Founded almost eight years ago, LDN Finance picked up the title of London Broker of the Year at The Mortgage Introducer Awards 2024, so it certainly knows a thing or two about success. Rose who co-founded the firm and leads a team of 21 mortgage advisers, believes that to maximise business, brokers need to take advantage of the different products they can offer.

“We have separate advisers for protection,” Rose shared. “So the mortgage advisers, write the mortgages and the protection advisers have business referred to them from the mortgage advisers, and I think from an income generating perspective, we find that is a much better model because the protection advisers are experts in their field and have the time and expertise to deal with those clients properly.

“A good brokerage has good systems, good infrastructure, good support systems in as much as the administrators, who are often very much unsung heroes and assist the brokers on their cases. Having that that core strength behind the firm is a vital importance. For individual brokers, the biggest control they have over their earning potential is to look after their clients as best they can, to make sure they come back to them and refer other people that need their services.”

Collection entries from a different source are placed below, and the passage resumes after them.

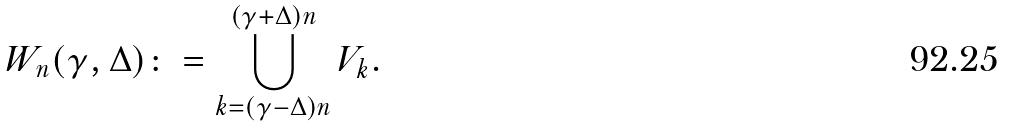<formula> <loc_0><loc_0><loc_500><loc_500>W _ { n } ( \gamma , \Delta ) \colon = \bigcup _ { k = ( \gamma - \Delta ) n } ^ { ( \gamma + \Delta ) n } V _ { k } .</formula> 
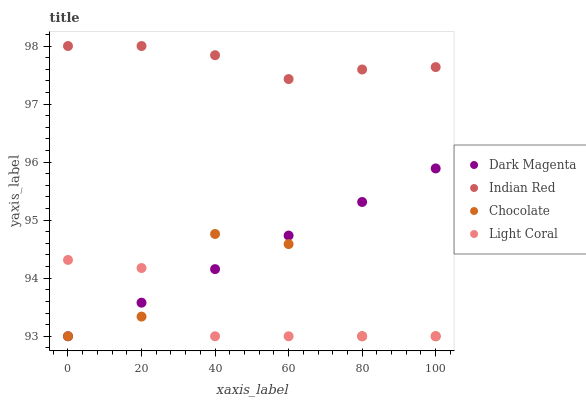Does Light Coral have the minimum area under the curve?
Answer yes or no. Yes. Does Indian Red have the maximum area under the curve?
Answer yes or no. Yes. Does Dark Magenta have the minimum area under the curve?
Answer yes or no. No. Does Dark Magenta have the maximum area under the curve?
Answer yes or no. No. Is Dark Magenta the smoothest?
Answer yes or no. Yes. Is Chocolate the roughest?
Answer yes or no. Yes. Is Indian Red the smoothest?
Answer yes or no. No. Is Indian Red the roughest?
Answer yes or no. No. Does Light Coral have the lowest value?
Answer yes or no. Yes. Does Indian Red have the lowest value?
Answer yes or no. No. Does Indian Red have the highest value?
Answer yes or no. Yes. Does Dark Magenta have the highest value?
Answer yes or no. No. Is Dark Magenta less than Indian Red?
Answer yes or no. Yes. Is Indian Red greater than Light Coral?
Answer yes or no. Yes. Does Light Coral intersect Dark Magenta?
Answer yes or no. Yes. Is Light Coral less than Dark Magenta?
Answer yes or no. No. Is Light Coral greater than Dark Magenta?
Answer yes or no. No. Does Dark Magenta intersect Indian Red?
Answer yes or no. No.

He added: “It is about quick communication, making sure that you're as available as you can be with clients and recognising that, whether it's buying a house or refinancing, it's often the most important thing that's going on for that individual at that point in time, and therefore to really roll out the red carpet. Understand the market that you're working in so that you're confident that you're giving the client the best options possible.”

What, then, is the biggest business lesson Rose has learned in his career so far?

“It is a cyclical market,” he said, “so just be conscious that you have to have one eye on what can always be around the corner because  the market can move quickly and I think that's both from an offering perspective, but also from a firm management perspective, always to be very, very conscious that it's a market of ups and downs and you just have to make sure you can cover both elements.”